2021 Latest Caselaw 6027 Bom

Citation : 2021 Latest Caselaw 6027 Bom
Judgement Date : 5 April, 2021

Bombay High Court
Hirabai H. Pujari And Ors vs Ramchandra Narhari Kawade Decd ... on 5 April, 2021
Bench: G.S. Patel
                                                      1-ASWPST28377-2019.DOC




 Atul



        IN THE HIGH COURT OF JUDICATURE AT BOMBAY
                   CIVIL APPELLATE JURISDICTION
                WRIT PETITION ST NO. 28377 OF 2019
                                     WITH
          INTERIM APPLICATION ST NO. 95349 OF 2020


 Hirabai H Pujari & Ors                                           ...Petitioners
       Versus
 Ramchanra Narhari Kawade, since deceased                       ...Respondents

through Legal Heirs & Ors

Mr Atharva Dandekar, & Shivraj Patne, for the Petitioners. Mr Mandar Limaye, with Akshay Petkar, Nikhil Sawkar, & Aniket Malu, for Respondents Nos. 1(a), 1(b) and 1(c).
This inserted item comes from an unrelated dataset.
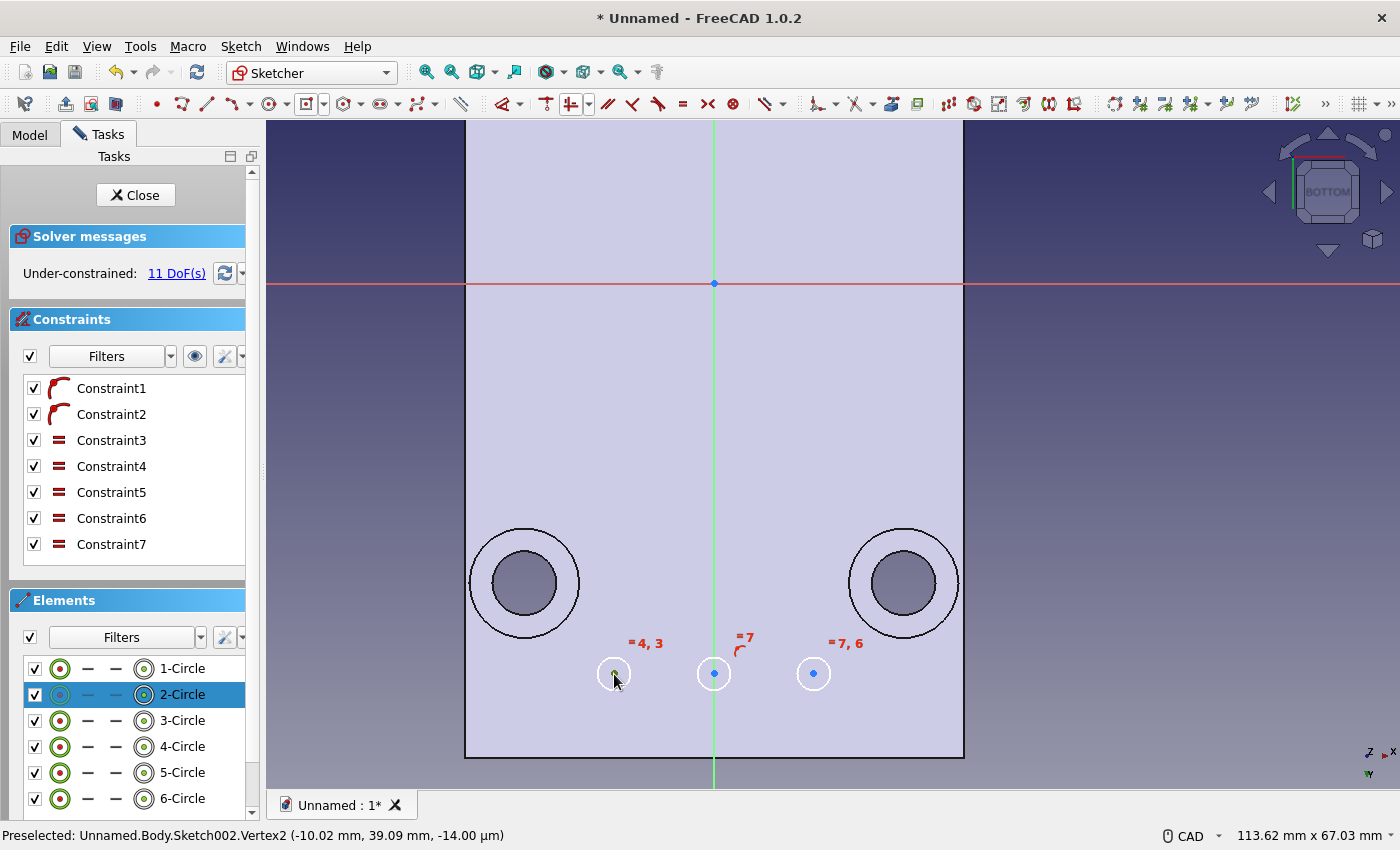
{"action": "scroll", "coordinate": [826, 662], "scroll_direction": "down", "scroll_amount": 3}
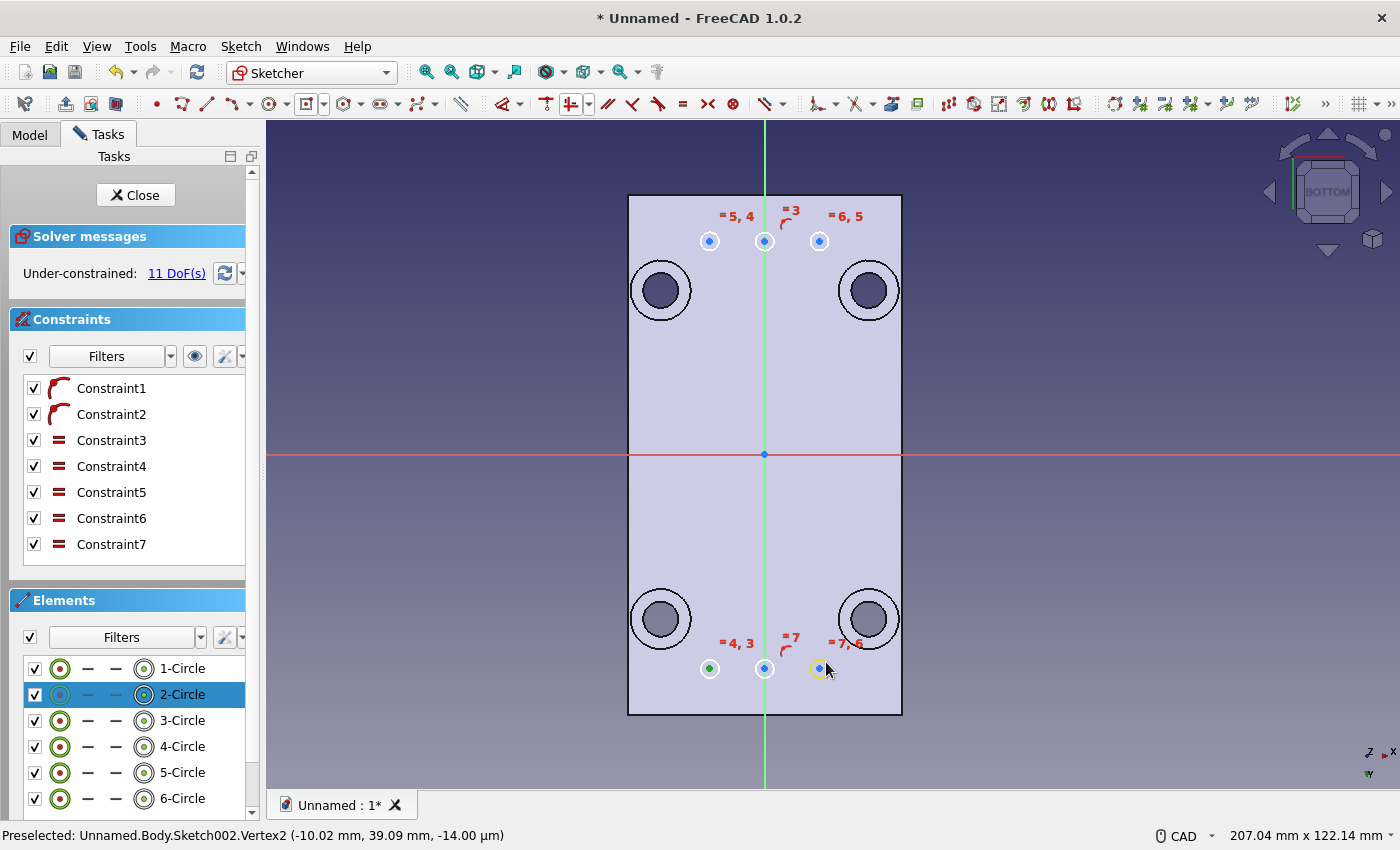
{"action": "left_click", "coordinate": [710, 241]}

                               CORAM:      G.S. PATEL, J
                               DATED:      5th April 2021
 PC:-


1. This order will dispose of the Writ Petition itself, which has been assigned to this Court. The result is that the Interim Application will not survive since it seeks that a status-quo order of 6th November 2019 in the Writ Petition be vacated.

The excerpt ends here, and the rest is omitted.